In Ms. Fludd's case, South State entered into a uniform written contract with her entitled "Personal Deposit Account Agreement" ("PDAA"). (ECF No. 1-1.)3 In a section entitled "Insufficient Funds – Overdrafts and Returned Items," the PDAA states: "We may pay all, some, or none of your overdrawn items, without notice to you. If we do not authorize and pay an item , then we will decline or return the transaction unpaid. In either case, the insufficient funds fee will still apply." (Id. at 13 (emphasis added).) Thus, once South State determines that an account balance is insufficient to cover a transaction, the PDAA permits the Bank to charge an overdraft or NSF fee on the "item." (Am. Compl. ¶ 90.) The PDAA does not specifically address whether or not multiple fees may result from the same transaction, originally declined for insufficient funds, but later re-presented by the merchant. (See ECF No. 1-1.)

South State also provides consumers with a Fee Schedule. (ECF No. 1-2.) The Fee Schedule itemizes a "NSF Returned Item Fee" of "$36.00." (Id. ) The Fee Schedule is silent as to whether multiple NSF fees may result from a merchant's re-presentment of a previously returned transaction. (See id. ; see also Am.
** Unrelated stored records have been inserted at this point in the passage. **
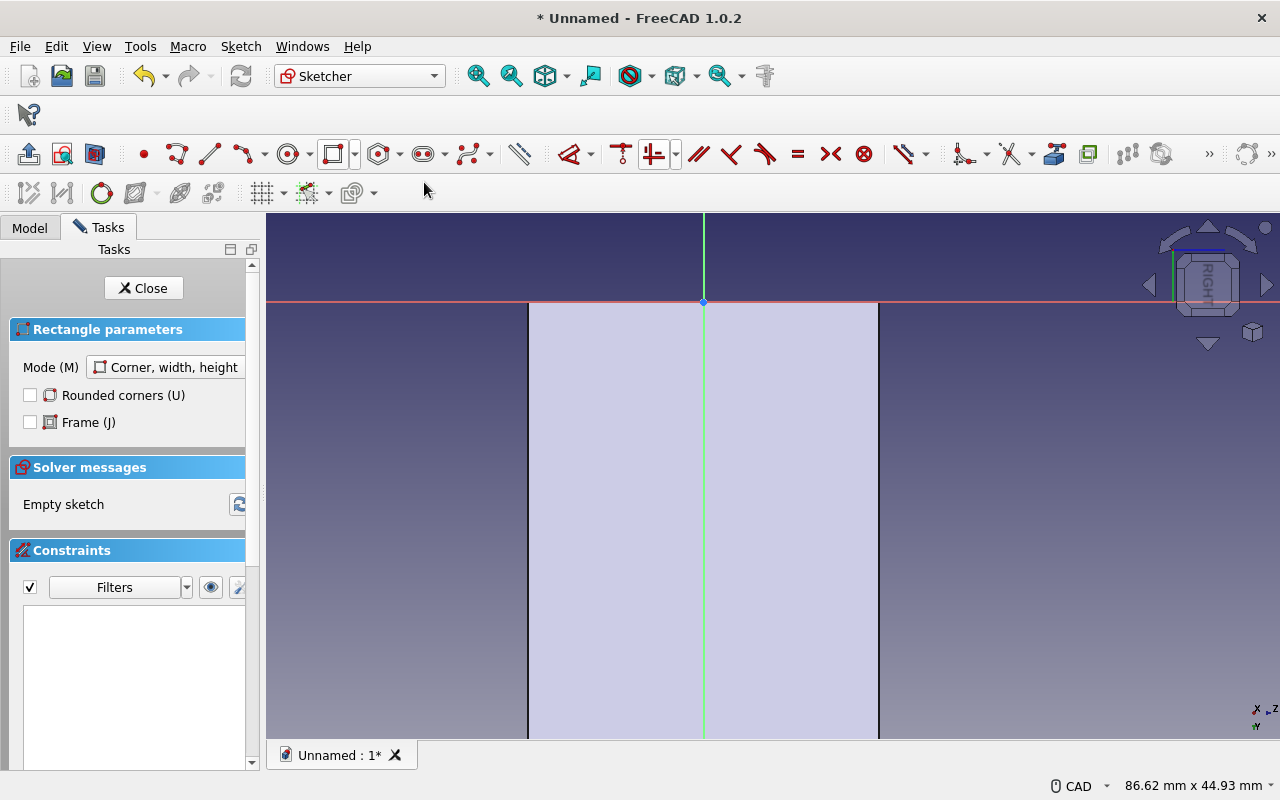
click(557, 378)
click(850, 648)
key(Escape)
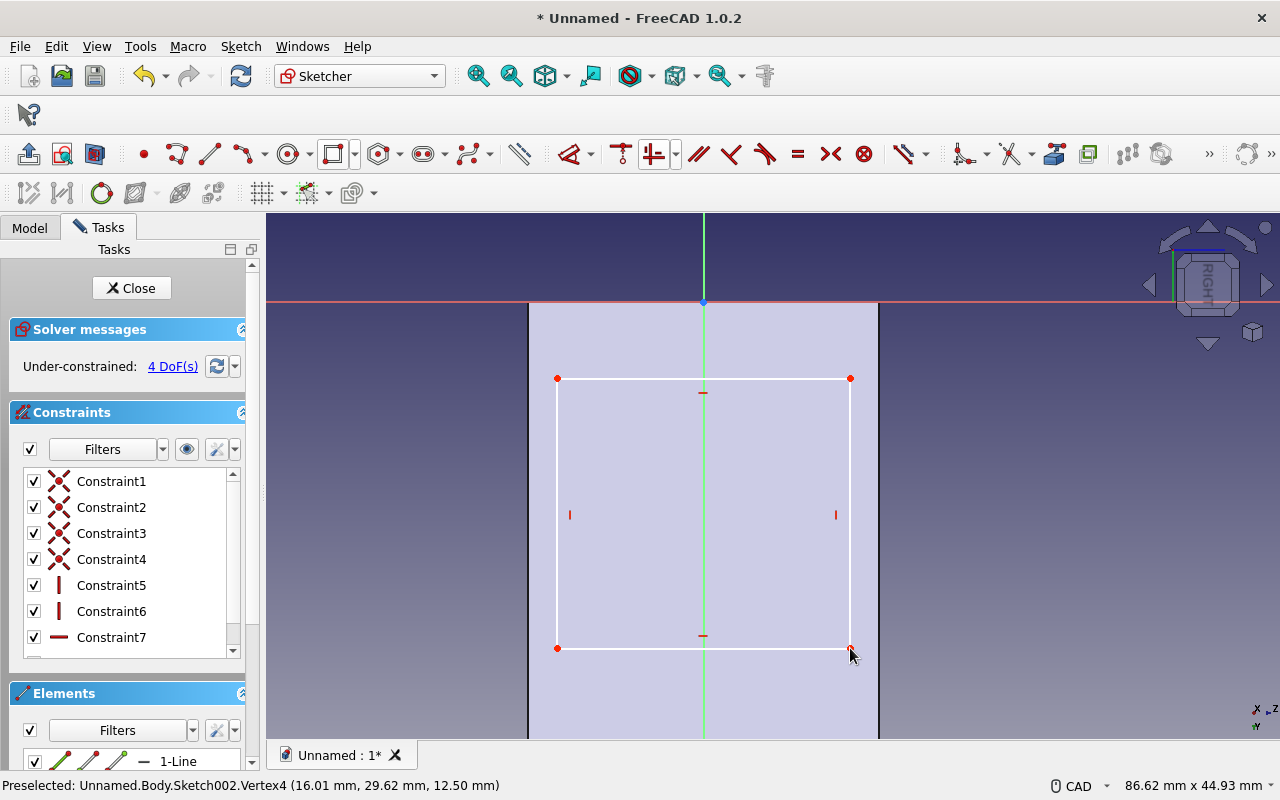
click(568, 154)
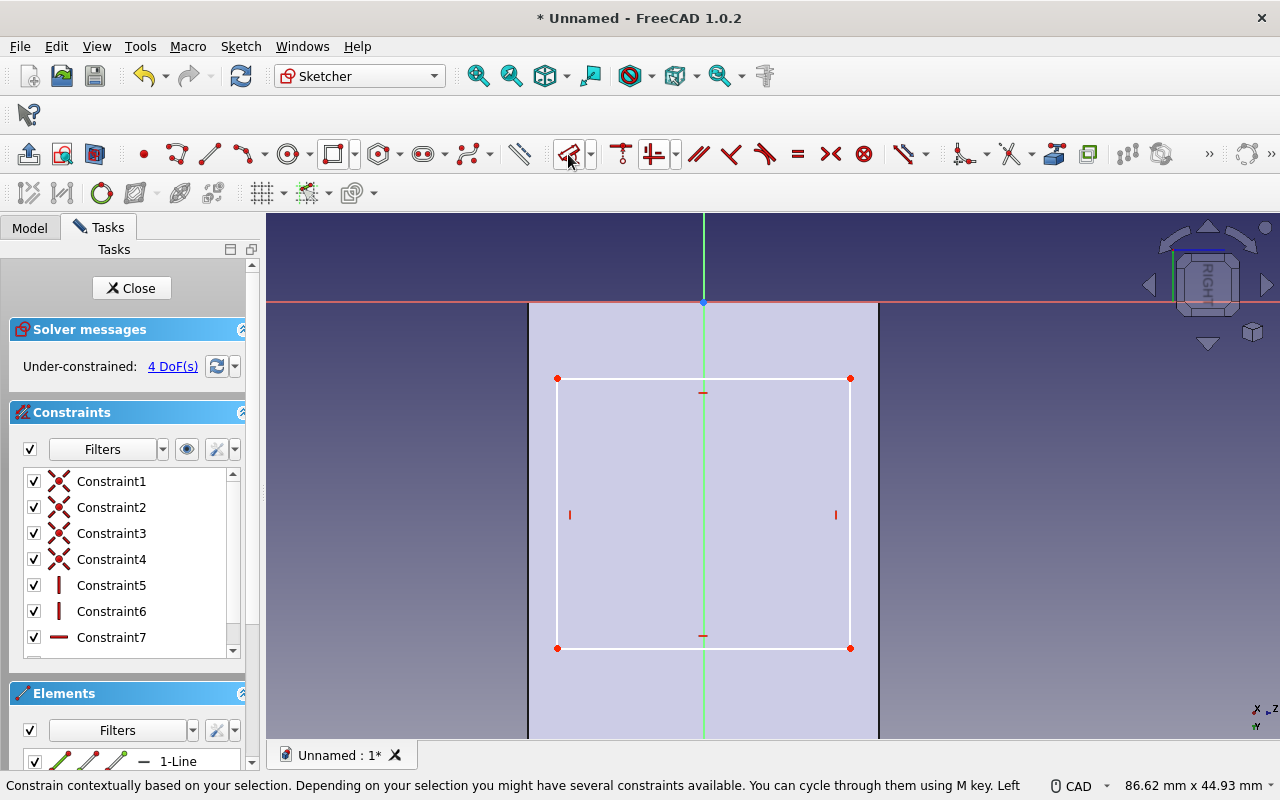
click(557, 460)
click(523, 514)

Compl. ¶ 90.) The relevant excerpt from the Fee Schedule appears as follows:

  Non-sufficient Funds/Overdraft Charges (Checking and Savings)
                  Overdraft Paid Item Fee                                                                               $36.00
                  NSF Returned Item Fee                                                                                 $36.00
                  (Checks paid in numerical order on day received. An overdraft item may be created by check/draft
                in-person withdrawal, ACH item or other electronic means.)
                

(ECF No. 1-2 at 1.) The Opt-in Agreement also provides that South State charges a "Non-sufficient Funds/Overdraft Fee of $36.00 per item." (ECF No. 1-3; see also Am. Compl. ¶ 95.) The relevant excerpt from the Opt-in Agreement appears as follows:

                  1. We have standard overdraft practices that come with your account called Automatic Overdraft Privilege (ACP) that can charge a
                     Non-sufficient Funds/Overdraft Fee of $36 per item
                

(ECF No. 1-3.)

Plaintiffs allege that South State charges the contractual NSF fee of $36 each time a merchant presents an existing item for processing, even though the account holder never resubmits the original item for payment. (Am. Compl. ¶ 95.) They further allege that such "repeat fees on a single returned transaction" are fundamentally unfair, not authorized by South State's contracts with customers, and not properly disclosed in those contracts. (Id. ¶¶ 37–38.) Plaintiffs cite the following examples of allegedly improper "repeat fees." On April 1, 2019, Ms. Fludd made two Transamerica payments in the amount of $45.15 and $112.75, after which South State returned them unpaid, charging her $72 in NSF Returned Item Fees ($36 per item). (Id. ¶ 106.) These fees are not in dispute. However, on April 10, Transamerica re-presented those same two transactions for payment and South State again charged Fludd $72 in fees for the two items. (Id. ) This pattern repeated in July 2019. On July 1, South State charged $36 for a $45.15 returned item presented by Transamerica (Trans. No. 3262) and $36 for a $112.75 returned item presented by Transamerica (Trans. No. 1701). (Id. ¶ 105.) Again, the legitimacy of this first round of fees is not in dispute. Ms. Fludd does, however, dispute the legitimacy of $72 in NSF fees that South State imposed on July 11, when Transamerica re-presented the same transactions for...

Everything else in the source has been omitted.